In this example, I include the |
form, the >
and the prefix-less form using
the same words and newline patterns to show how similar-looking YAML gives
different strings:
array:
- |
mike
fred
john
- >
mike
fred
john
- mike
fred
john
Giving the JSON:
"array": [
"mike\nfred\njohn\n",
"mike fred john\n",
"mike fred john"
],
I find the YAML definitely looks cleaner, but the JSON is better at spelling out what it means.

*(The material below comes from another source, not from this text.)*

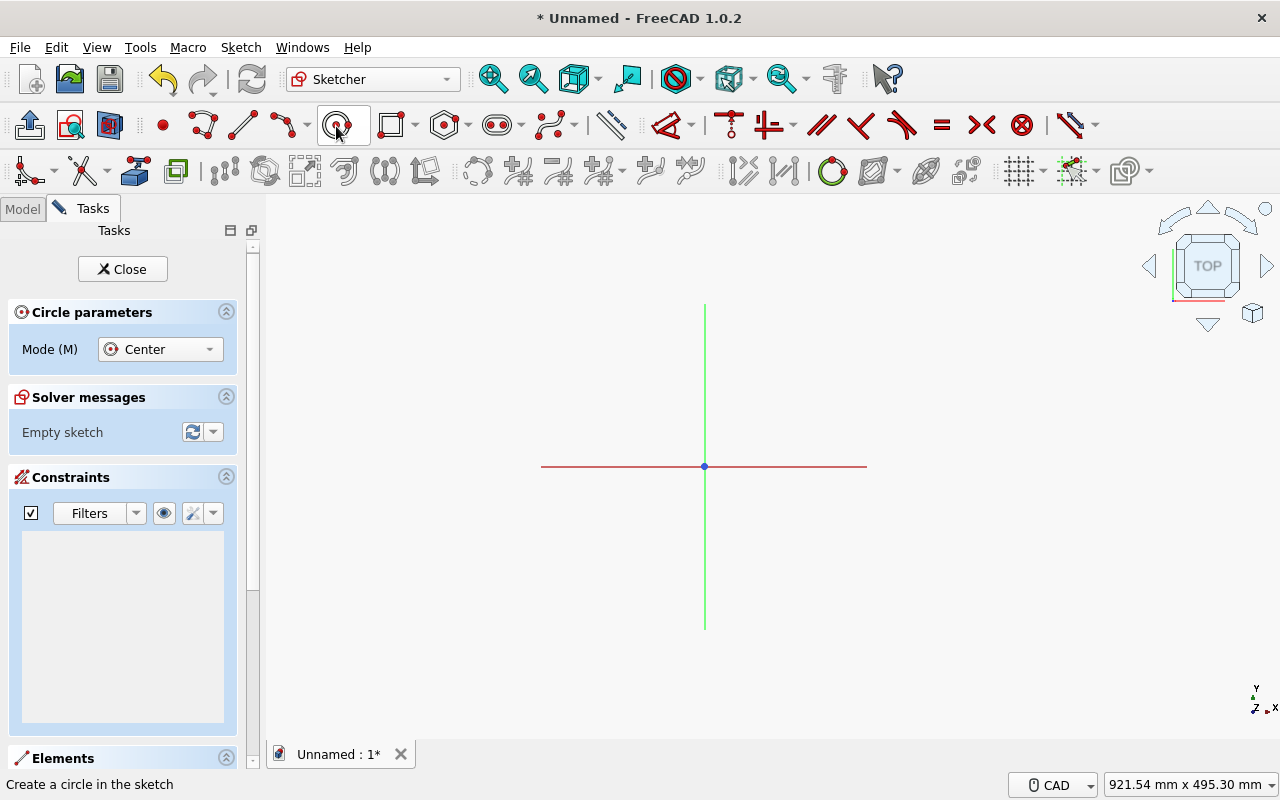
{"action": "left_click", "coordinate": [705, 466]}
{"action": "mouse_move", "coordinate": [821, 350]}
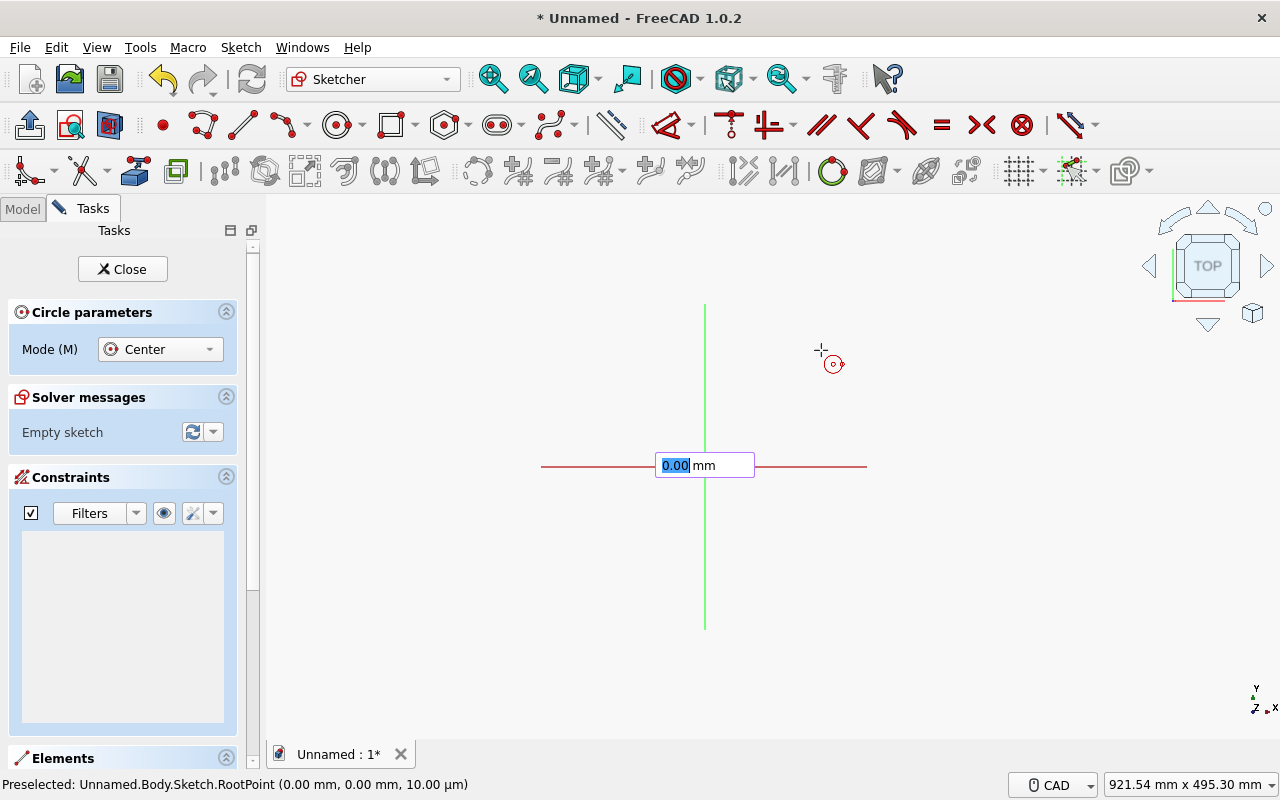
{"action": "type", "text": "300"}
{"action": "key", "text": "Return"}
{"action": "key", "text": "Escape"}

While experimenting, I find an odd edge case with the >
prefix. Where I used
it at the end of a file, the trailing \n
ended up being dropped:
names: >
mike
fred
john
names2: >
mike
fred
john
Ends up with the \n
going missing in names2
:
"names": "mike fred john\n",
"names2": "mike fred john"
Just 🤷♀️ and move on.
Multiple documents in one file
Finally, you will often see ---
in Kubernetes YAML files. All this means is
that what follows the ---
is the start of a new YAML object; it’s a way
of putting multiple YAML objects inside one file. This is actually pretty
nice, although again it’s pretty minimal and easy to miss when scanning a file.
And that’s about enough YAML to understand Kubernetes manifests 🎉.